In fact, we're more of a threat to them than they are to us. Like many animals, bats suffer from habitat loss due to human activity — and they're also threatened by our very fear of them.
“One of the biggest risks to bats is that people still panic at the sight of one and their first thought is to kill it,” says Tuttle.
Bats are particularly vulnerable because of their unique biology. Unlike most mammals their size, they reproduce slowly — most species have only one young per year. And because they live in such large groups, it's easy to wipe out millions in a single act.
Bats are also suffering from a mysterious new disease called White-nose Syndrome that's spread through the Northeast in the past two years, nearly wiping out affected colonies. Some have compared it to the more well-known colony collapse of honeybees, and BCI is sponsoring emergency research into its cause.

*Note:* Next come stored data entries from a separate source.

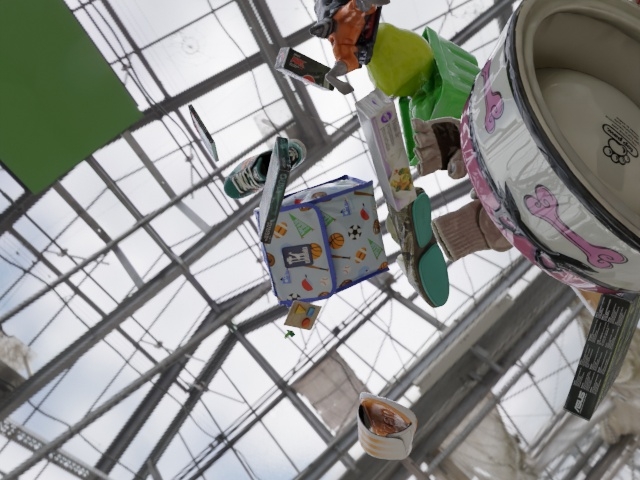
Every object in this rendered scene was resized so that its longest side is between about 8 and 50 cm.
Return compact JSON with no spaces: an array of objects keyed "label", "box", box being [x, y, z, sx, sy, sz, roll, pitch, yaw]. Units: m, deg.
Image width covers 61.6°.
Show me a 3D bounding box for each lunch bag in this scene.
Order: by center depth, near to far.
[{"label":"lunch bag","box":[0.000,0.000,1.704,0.385,0.239,0.328,-19,-73,-23]}]

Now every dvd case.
[{"label":"dvd case","box":[-0.275,-0.252,1.266,0.013,0.120,0.087,-28,-17,-13]}]

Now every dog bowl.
[{"label":"dog bowl","box":[0.356,-0.114,0.670,0.407,0.408,0.150,-15,-17,-30]}]

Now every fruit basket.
[{"label":"fruit basket","box":[0.245,-0.408,1.419,0.391,0.392,0.283,-15,-38,-30]}]

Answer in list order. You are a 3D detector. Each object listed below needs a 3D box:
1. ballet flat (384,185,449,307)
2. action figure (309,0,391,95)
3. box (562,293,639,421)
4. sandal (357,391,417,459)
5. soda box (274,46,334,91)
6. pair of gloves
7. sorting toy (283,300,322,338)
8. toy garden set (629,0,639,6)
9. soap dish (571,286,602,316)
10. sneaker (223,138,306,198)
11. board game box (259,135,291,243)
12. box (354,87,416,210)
[{"label":"ballet flat","box":[0.326,0.017,1.872,0.164,0.182,0.483,-39,-56,-30]},{"label":"action figure","box":[0.056,-0.512,1.135,0.178,0.330,0.342,2,-54,-8]},{"label":"box","box":[0.432,0.147,0.800,0.184,0.045,0.191,-13,-62,-47]},{"label":"sandal","box":[0.121,0.367,0.980,0.076,0.101,0.265,-60,-30,-34]},{"label":"soda box","box":[-0.034,-0.454,1.433,0.168,0.053,0.060,14,-84,-34]},{"label":"pair of gloves","box":[0.245,-0.093,0.861,0.204,0.042,0.240,-10,-102,-32]},{"label":"sorting toy","box":[-0.037,0.152,0.999,0.062,0.012,0.083,13,-67,-25]},{"label":"toy garden set","box":[0.763,-0.508,1.185,0.244,0.203,0.049,-3,-85,-74]},{"label":"soap dish","box":[0.762,0.074,1.315,0.290,0.229,0.118,-6,-49,-9]},{"label":"sneaker","box":[-0.187,-0.205,1.598,0.302,0.121,0.108,-28,-81,26]},{"label":"board game box","box":[-0.096,-0.102,1.108,0.026,0.126,0.186,8,-50,-14]},{"label":"box","box":[0.151,-0.188,1.191,0.063,0.067,0.324,-35,-37,-5]}]
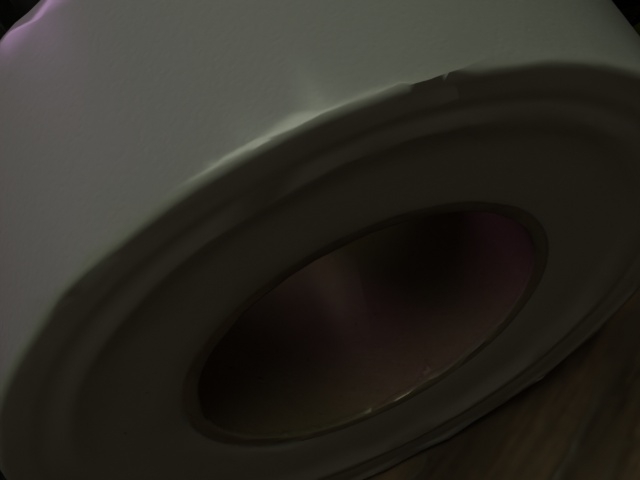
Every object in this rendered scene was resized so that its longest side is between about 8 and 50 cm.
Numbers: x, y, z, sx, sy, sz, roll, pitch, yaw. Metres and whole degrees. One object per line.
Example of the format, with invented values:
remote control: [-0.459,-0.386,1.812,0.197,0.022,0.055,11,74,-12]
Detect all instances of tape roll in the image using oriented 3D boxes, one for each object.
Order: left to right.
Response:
tape roll: [0.000,0.000,0.470,0.286,0.286,0.100,-26,60,-4]

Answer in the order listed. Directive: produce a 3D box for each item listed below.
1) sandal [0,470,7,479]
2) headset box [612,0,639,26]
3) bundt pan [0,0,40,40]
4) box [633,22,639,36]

“Any time you start having mass dieoffs of animals as distantly related as bees and bats, it's time to sit up and take notice,” says Tuttle.
On the bright side, bats' habit of living in enormous groups means that one act of conservation can also make a huge difference, as in BCI's purchase of Bracken Cave in central Texas, home to 20 million free-tailed bats. As well as preserving the site for the colony, BCI plans to build a center that will help to educate people about how valuable bats are — now more than ever, when everyone's thinking about going green and buying organic.
“Bats reduce pesticide use substantially,” says Tuttle. Remember, he says: “Fewer bats, more pesticides.”